I sanded alot with 400 grain to get a very smooth top finish, but after appling the stain the wood grain is covered with dark spots all over.

What did i do wrong? or what can I do to give a more grain look to the finish?

Please help.

Sincerely
Kevin


----------



## jlord (Nov 16, 2009)

gkevin101b said:


> Can anyone help me out here, i just finished appling a cherry stain to my finished project, a cherry wood end table and the top is very blotchy.
> 
> I sanded alot with 400 grain to get a very smooth top finish, but after appling the stain the wood grain is covered with dark spots all over.
> 
> ...


For cherry after sanding & before staining I use Minwax Pre-Stain (at Home Depot etc.) I don't follow instructions. What I do is use a foam brush & give it a good coat & let it dry on it's own. Usually apply in eve & stain next morn. Cherry is very blotch prone.


----------



## CanuckGal (Nov 26, 2008)

Make sure you buy the correct wood conditioner. They make one for oil based stains and one for water based stains. Buy the one according to the type of stain you are using.


----------



## BigJimAK (Mar 13, 2009)

As you've heard, cherry is very blotch-prone. A washcoat of dewaxed shellac diluted to about a 1# cut will partially seal some of the most porous end-grain sticking through the cross-grain that really drinks up the stain.


----------



## okanagan (Dec 18, 2009)

gkevin101b said:


> Can anyone help me out here, i just finished appling a cherry stain to my finished project, a cherry wood end table and the top is very blotchy.
> 
> I sanded alot with 400 grain to get a very smooth top finish, but after appling the stain the wood grain is covered with dark spots all over.
> 
> ...


Use the the base of the stain to lighten it up with a rag. 
"IE" water for water base, alcohol for alcohol and mineral spirit for oil.


----------



## jerrymayfield (Sep 25, 2004)

Almost all cherry will blotch,the best way to deal with this is don't stain cherry or other woods that are prone to react that way. If you must attempt to stain cherry follow the advice of Big JIM and apply a spit coat of shellac. This will partially block the pores and not allow as much stain to get to the wood. Cherry given a little time and some sun shine will become one of the most beautiful woods in the world without stain.

Regards
Jerry


----------



## joek30296 (Dec 10, 2009)

Kevin,
Cherry can be a little difficult to stain. You might try not sanding so fine stopping at 220 or at 280. Blow or wipe the sawdust off, use a damp (not soaking wet) rag and wipe again to raise the grain. When dry, sand again to 280 grit and keep your hands off the areas you plan to stain. Oil from your fingers will soak in and when you stain you will get blotches or dark spots where you touched. If that doesn't work, do like others have said with a washcoat of shellac, let dry, sand lightly with 320 grit, then stain. Should work for you as cherry is beautiful when stained.
BTW...Happy New Year.

joe


----------



## BigJimAK (Mar 13, 2009)

+1 on Jerry's post. Cherry is even more beautiful when allowed to age in the sun... but most are too impatient and used to the commercial stuff, where they have to stain it to sell it quickly after manufacture.


----------



## P8143 (Dec 24, 2009)

Kevin,

I realize that you are in too deep to go back and allow a natural finish to develop, but Jim and Jerry are right, cherry has got to be one of the most beautiful woods around. It is fascinating to watch the patina develop over time and I just use a simple wax finish on the pieces I have to make them very touchable.

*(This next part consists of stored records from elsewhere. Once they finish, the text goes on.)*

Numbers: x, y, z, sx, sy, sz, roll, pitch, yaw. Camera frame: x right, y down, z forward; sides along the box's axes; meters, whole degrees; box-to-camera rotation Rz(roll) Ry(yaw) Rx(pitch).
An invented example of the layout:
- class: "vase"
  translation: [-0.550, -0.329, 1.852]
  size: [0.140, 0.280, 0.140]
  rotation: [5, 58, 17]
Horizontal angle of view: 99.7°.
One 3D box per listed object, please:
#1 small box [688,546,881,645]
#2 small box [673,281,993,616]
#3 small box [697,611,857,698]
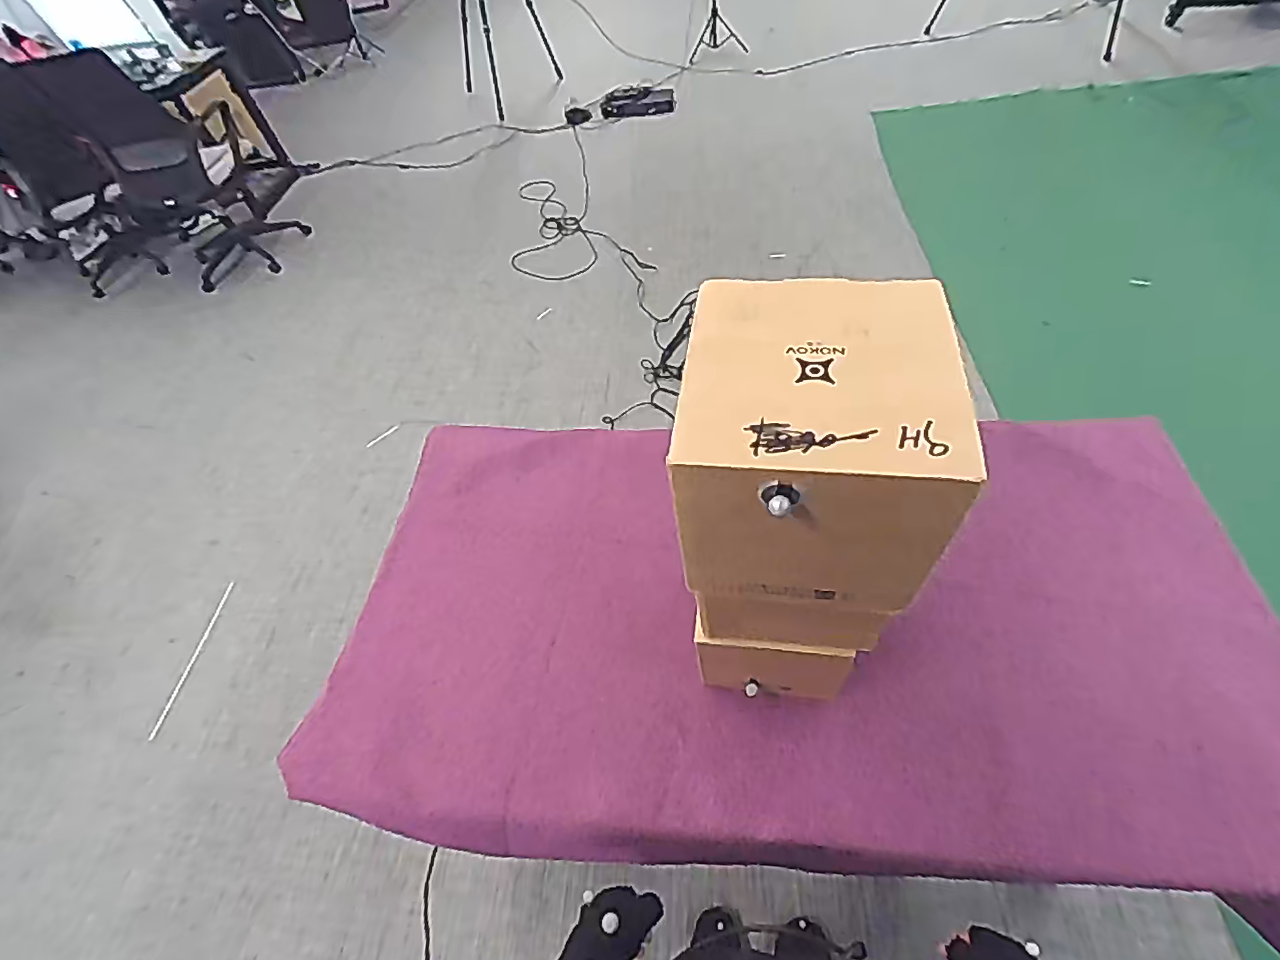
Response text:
- class: "small box"
  translation: [0.148, 0.054, 0.540]
  size: [0.179, 0.176, 0.168]
  rotation: [2, 54, 11]
- class: "small box"
  translation: [0.123, -0.023, 0.396]
  size: [0.168, 0.176, 0.179]
  rotation: [3, 54, 13]
- class: "small box"
  translation: [0.164, 0.150, 0.670]
  size: [0.168, 0.176, 0.179]
  rotation: [2, 55, 12]
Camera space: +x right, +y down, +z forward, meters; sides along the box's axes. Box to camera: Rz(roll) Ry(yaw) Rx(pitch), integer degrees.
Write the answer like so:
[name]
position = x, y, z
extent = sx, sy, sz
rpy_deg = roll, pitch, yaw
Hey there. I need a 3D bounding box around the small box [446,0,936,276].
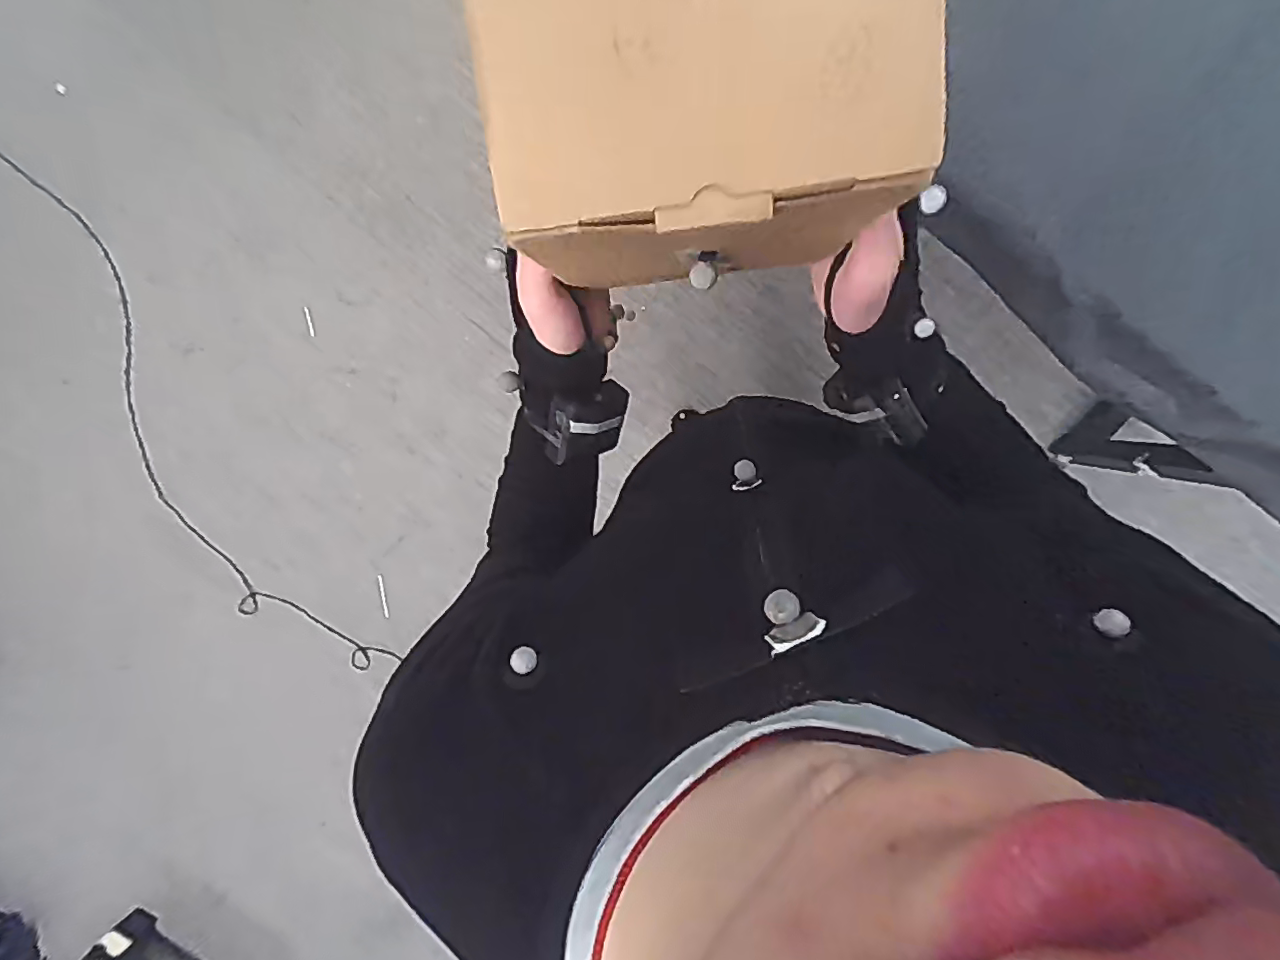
[small box]
position = 0.018, -0.199, 0.254
extent = 0.168, 0.176, 0.179
rpy_deg = -5, 104, 4
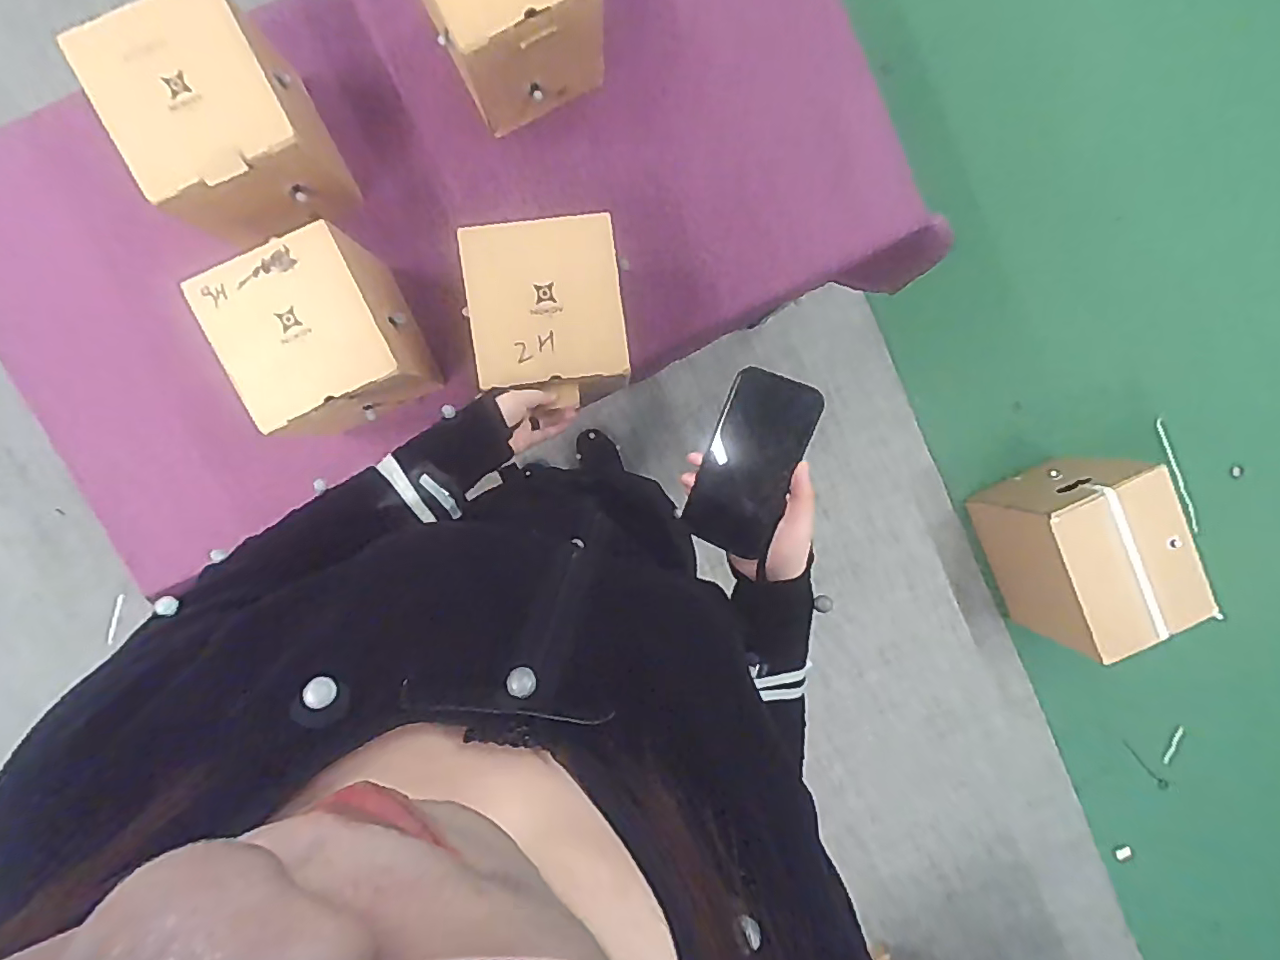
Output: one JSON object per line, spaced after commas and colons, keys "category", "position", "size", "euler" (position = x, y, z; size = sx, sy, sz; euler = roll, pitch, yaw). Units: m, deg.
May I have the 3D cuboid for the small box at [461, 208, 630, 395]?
{"category": "small box", "position": [-0.105, -0.204, 0.660], "size": [0.168, 0.176, 0.179], "euler": [-7, 96, -2]}

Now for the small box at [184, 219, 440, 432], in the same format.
{"category": "small box", "position": [-0.369, -0.171, 0.649], "size": [0.168, 0.176, 0.179], "euler": [-25, 97, -1]}

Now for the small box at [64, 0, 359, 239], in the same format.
{"category": "small box", "position": [-0.464, -0.403, 0.622], "size": [0.168, 0.176, 0.179], "euler": [-26, 97, -2]}

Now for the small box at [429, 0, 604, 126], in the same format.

Having said all that, (which I know doesn't help you out of your problem,) just do what everybody recommends and use a conditioner. It will come out fine. I've also done what Okanagan suggests to lighten up small areas, that works too.

Good luck,
Phil


----------



## TwoSkies57 (Feb 23, 2009)

Great thread you guys..
I'm in the process of building a chest of drawers with a cherry frame and walnut panels, drawers and top.. I've already noticed spots in the cherry where blotching would be an issue..Thanks to this thread, i've totally reconsidered how to finish..

b.


----------